[Math] Expected lifetime: Maximum of $3$ exponential random variables

probability

$A, B$ and $C$ are $3$ independent components of a device with lifetime of density function $$f(x)={1\over200}{e^{-x/200}}$$

What is the expected lifetime of $A$?

I think is is $\int_0^\infty {xf(x)dx}$ but I am not sure.
Suppose system works as long as at least one component works. What is the expected time until the system fails?

Is it $3$ times of expected lifetime of $A$?

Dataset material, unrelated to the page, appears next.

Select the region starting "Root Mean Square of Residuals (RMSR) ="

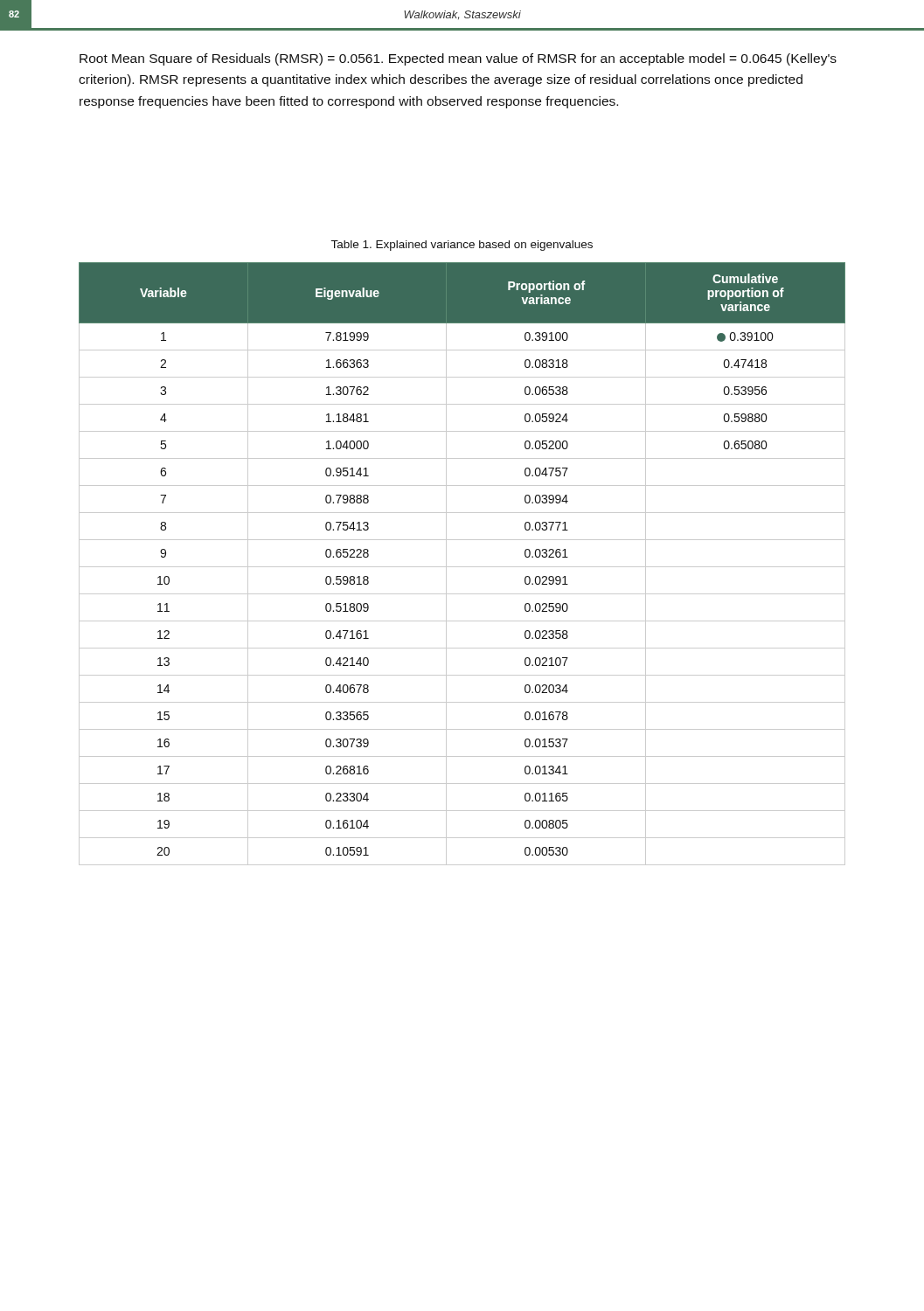tap(458, 80)

The distribution given by $f(x)$ is $\exp(λ=1/200)$. So,

Its expected value is equal to $$E[A]=\frac1{1/λ}=200$$ see here. If you want to calculate it directly without using this, then yes your formula $$E[A]=\int_{0}^{+\infty}xf(x)dx$$ is correct.
Now, for your second question, denote with $X_1$ the minimum, with $X_2$ the middle and with $X_3$ the maximum lifetime of the three components. As is already mentioned you need to calculate $E[X_3]$. We will use that the minimum of $n$ iid $\exp(λ)$ random variables has again the exponential distribution with parameter $nλ$, see here. Write $$E[X_3]=E[X_1+(X_2-X_1)+(X_3-X_2)]=E[X_1]+E[X_2-X_1]+E[X_3-X_2]$$ by linearity of expectation. Now,
1. $X_1$ is the minimum of $3$ iid $\exp(λ)$ hence $X_1\sim\exp(3λ)$ and
2. $X_2-X_1$ is distributed as (by the memoryless property of the exponential) as the minimum of $2$ iid $\exp(λ)$, hence $X_2-X_1\sim \exp(2λ)$. Why is that? Because after $X_1$ is realized, you have two more components running. By the memoryless property of the exponential distribution, the remaining lifetime of each of the components is again exponentially distributed. So, $X_2-X_1$ is just the time that the minimum of $2$ iid exponentials will be realised.
3. By the same argument $X_3-X_2$ is distributed as $X_3-X_2\sim\exp(λ)$.

So, $$E[X_3]=\frac1{3λ}+\frac1{2λ}+\frac1{λ}=\frac{200}3+\frac{200}2+200$$